There are other reasons to be cautious of atmospheric aerosol injections. We might not know the global and long-term effects of the solution until we are too far down the rabbit hole. According to Will Howard at the Australian National University, it’s “not straightforward to predict” the effects of the small-scale experiments proposed by Keith’s team. For example, some models predict that in the long term, the introduction of sulfate particles could unpredictably change rainfall patterns, possibly leading to droughts and floods. Sulfate injections are also not expected to cool the planet uniformly, meaning that some territories might benefit while others suffered under the blanket of sulfur.
“It’s not easy to carry out an experiment on the long-term effects of sulfate injections without full-fledged deployment,” says Howard. And large-scale deployment brings its own problems, possibly leading to what has been compared to a Kafka-like world. According to Howard, sulfate aerosols are relatively quickly removed from the atmosphere by natural chemical processes. So if governments start to depend on sulfate injections to mitigate global warming, scientists will have to continuously spray sulfur into the skies to sustain the cooling effect.
Meanwhile, the source of the global warming, mainly carbon dioxide, would not be removed from the atmosphere. “If you stopped injections, the planet may undergo a surge of heating,” says Falk, “which could be quite catastrophic.”
Steve Gardiner, a professor of philosophy at the University of Washington, is also concerned that major geopolitical powers – those with the capability and willpower – might seek to limit sulfate injections to attempt to protect their own territories solely, with little concern for other nations. Sulfate injections, he says, are far down the list of options that we should be discussing to mitigate climate change.
There are many other schemes on the table. Another experiment proposed by Keith involves spraying seawater through small orifices in clouds in order to brighten them, which would reflect more solar energy out to space. Teams are also investigating plans to sprinkle iron into the sea, to trigger the growth of phytoplankton, tiny marine creatures that naturally capture carbon from the atmosphere. Once the critters die, so the plan goes, they would fall to the ocean floor and lock the greenhouse gas into the nether regions of the seabed.

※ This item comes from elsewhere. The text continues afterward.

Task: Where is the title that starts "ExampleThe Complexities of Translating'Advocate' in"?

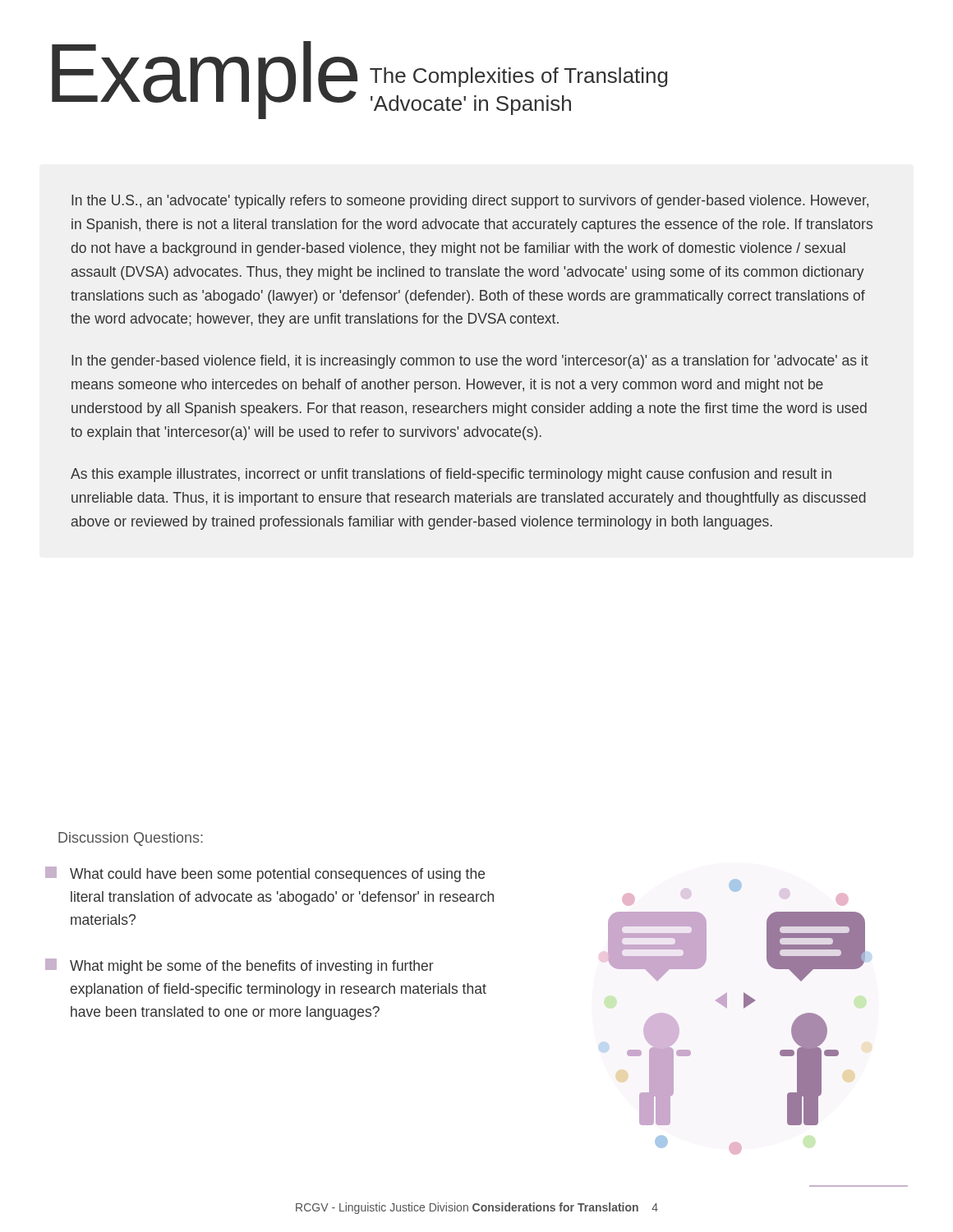Action: point(357,76)

Other researchers hope to capture greenhouse gases from the skies and inject them back into the rocks from whence they came. Australia has a testing site for storing carbon dioxide in Nirranda South, three hours south-west of Melbourne, which is partly funded by the federal government.
Each plan has its hazards. Dumping iron into the ocean could trigger toxic phytoplankton blooms. Carbon dioxide injected into rocks may eventually bubble up into the atmosphere.
But these scientists tell us that doing nothing is also a hazard.
“You can’t compare the risks of geoengineering to the magical pre-industrial world,” says Keith. “Nobody knows what nature will do once we start these experiments, but we also don’t know what will happen with an atmosphere filled with carbon dioxide.”